Большое внимание у Оруэлла уделено Диккенсу-ка-рикатуристу. «Приличное общество» у него есть лишь сборище сельских идиотов. Перечисляя ряд диккенсовских героев, он констатировал, что это «журнал регистрации слабоумия», пустых старых снобов, твердолобых грубиянов, порочных старцев.

Оруэлл отмечал, что Диккенс не имел ни малейшего понятия об охоте и о спорте. Сам не лишенный охотничьих увлечений и интереса к спортивным играм в молодости, Оруэлл ко второй половине 1930-х годов, возможно, по состоянию здоровья, утратил интерес к этим «мужским увлечениям». Очевидно, в какой-то мере он стал связывать спорт и охоту с негативными человеческими качествами.

Отсюда вытекали его ремарки, связанные с Диккенсом: «В его романах крайне мало физической жестокости или грубости» в связи с тем, что он не писал об охоте и спорте. «В Англии в основном по причинам географическим спорт, прежде всего игровой на открытом воздухе, и снобизм слиты неподражаемо. Английские социалисты часто напрочь отвергали рассказы о том, что Ленин любил охоту: в их глазах охота, травля и т. п. - просто снобистские ритуалы земельного дворянства, они забывали, что в такой огромной девственной стране, как Россия, к подобным занятиям могут относиться совсем по-иному»545. Для Диккенса же почти любой вид спорта годится в объекты сатиры.
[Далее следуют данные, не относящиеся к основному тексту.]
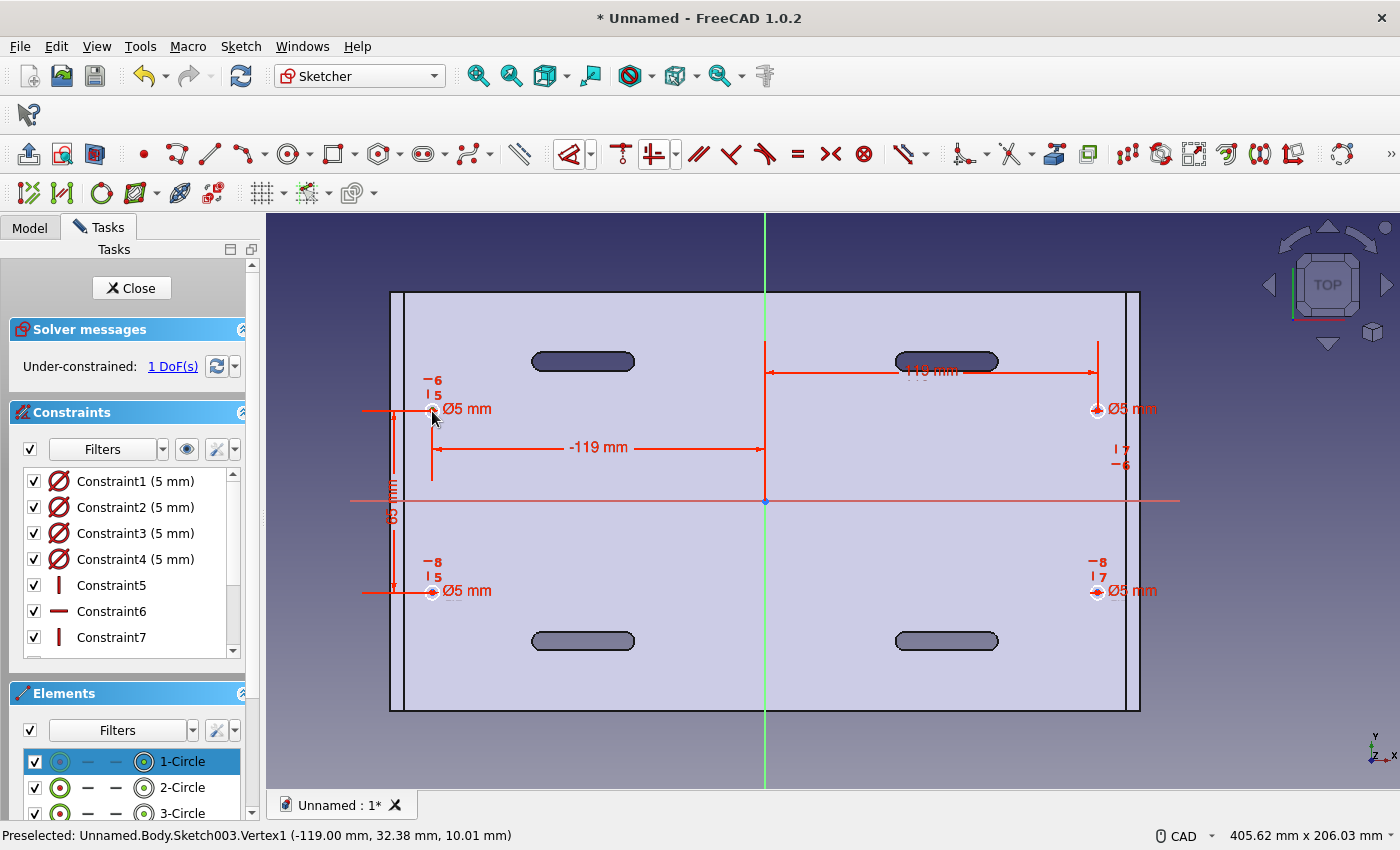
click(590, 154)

Оруэлл проводил сравнение между Диккенсом и Л. Толстым. Он ставил вопрос, почему способность понимания Толстым человеческих характеров и связанных с ними обстоятельств кажется ему большей, чем способность Диккенса «поведать нам о нас самих». Дело тут не в большей одаренности и даже не в большем уме. Дело в том, что Толстой писал о людях, которые растут, развиваются. Его герои обретают свои души в борьбе, в то время как диккенсовские образы раз и навсегда отшлифованы и совершенны. По мнению Оруэлла, диккенсовские типы встречаются гораздо чаще и выглядят ярче, чем толстовские, но они всегда однозначны, неизменны, как картины или предметы мебели. С диккенсовским героем невозможно вести воображаемый диалог, как, допустим, с Пьером Безуховым. И дело тут было отнюдь не в большей серьезности Толстого, у которого существуют в том числе «смешные персонажи», с которыми мысленно можно поговорить по душам. Дело в том, что у героев Диккенса нет духовной жизни. «Они говорят именно то, что им следует говорить, их нельзя представить беседующими о чем-то ином. Они никогда не учатся, никогда не размышляют... Доведись мне сравнивать Толстого с Диккенсом, я бы сказал: притягательность Толстого во времени будет расти и шириться, Диккенс же за пределами англоязычной литературы едва доступен»546.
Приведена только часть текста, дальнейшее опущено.